→ What you are asked to do
Write out exactly, with both ends included, the lines that run from the line containing "Given: Find the" to the end of the entries. Pictures are not part of the answer.

=== Materials provided ===

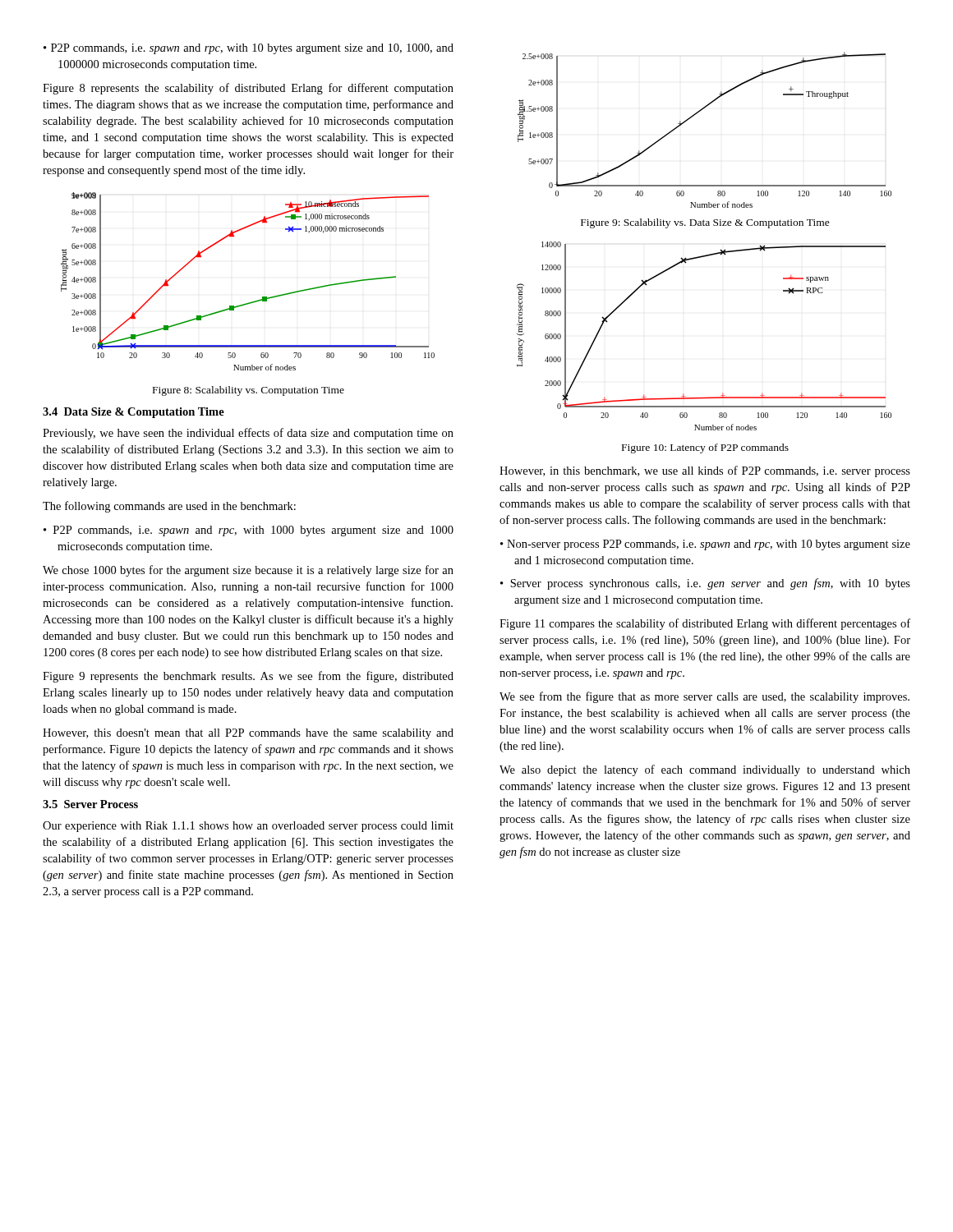Find the block on this page that starts "We chose 1000 bytes for the argument size"

pyautogui.click(x=248, y=611)
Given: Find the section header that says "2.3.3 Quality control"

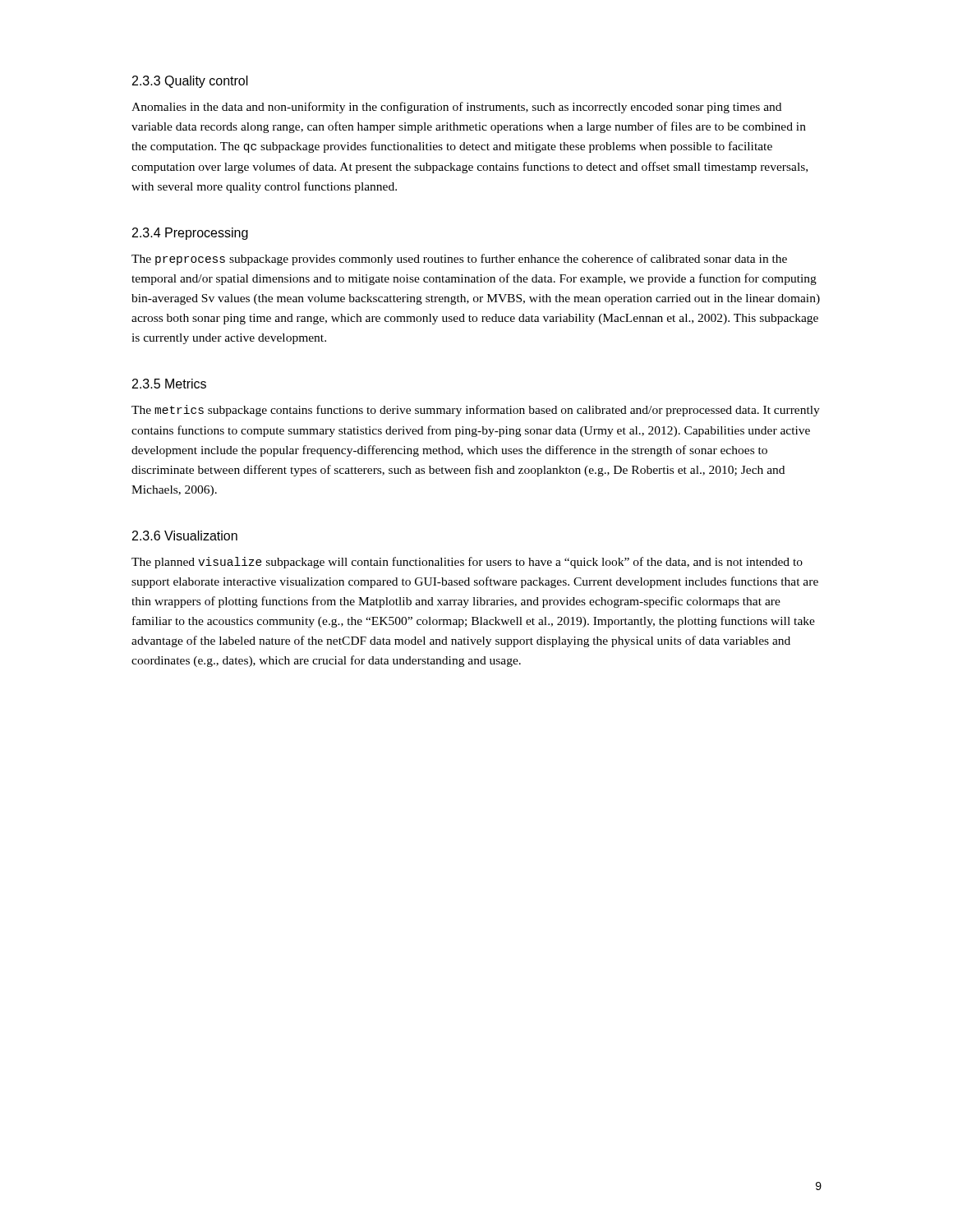Looking at the screenshot, I should [190, 81].
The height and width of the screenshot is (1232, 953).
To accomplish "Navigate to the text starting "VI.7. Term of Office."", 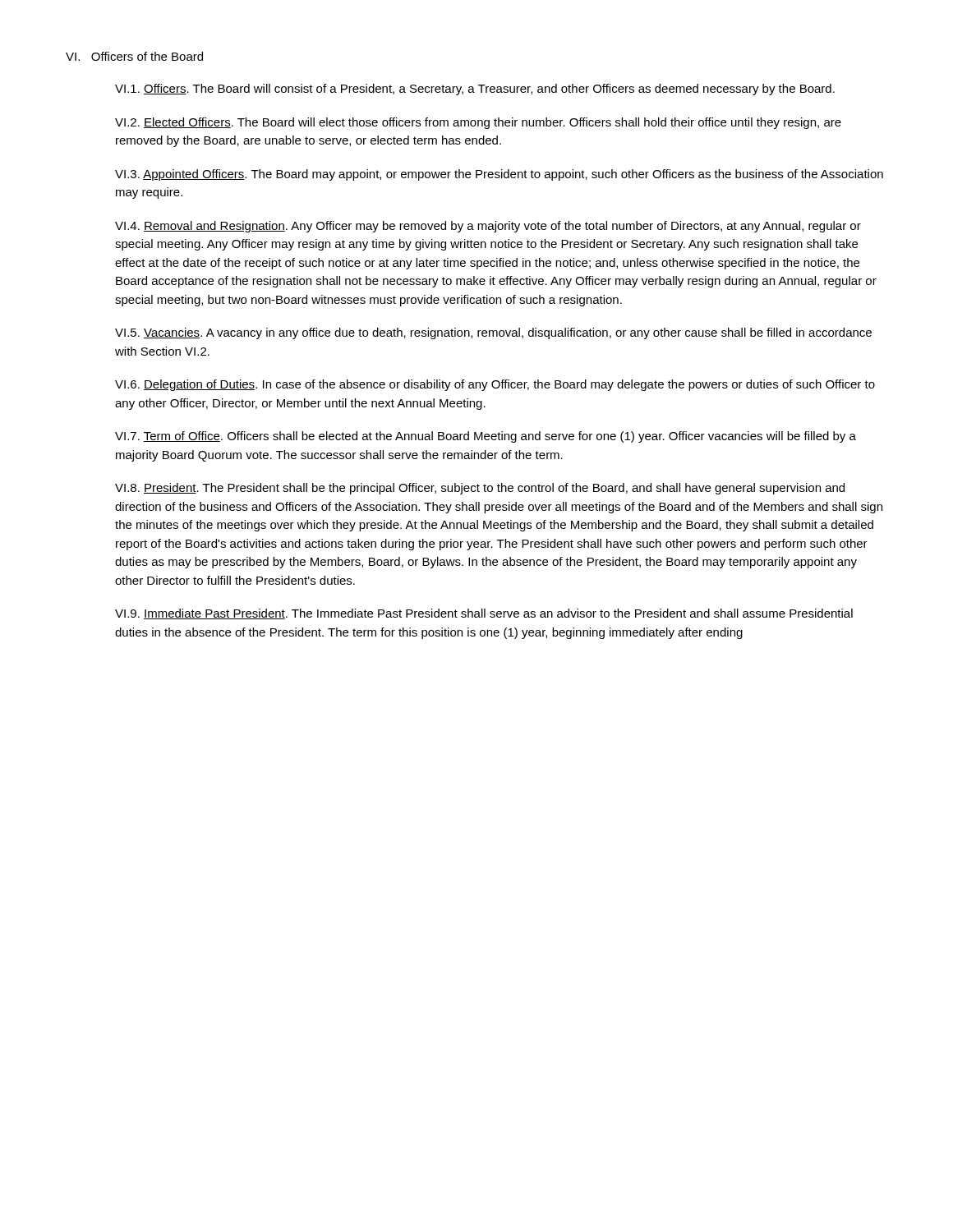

===

→ Exercise output
Given: Find the section header that says "2.3.3 Quality control"

Looking at the screenshot, I should [190, 81].
The height and width of the screenshot is (1232, 953).
To accomplish "Navigate to the text starting "VI.7. Term of Office."", 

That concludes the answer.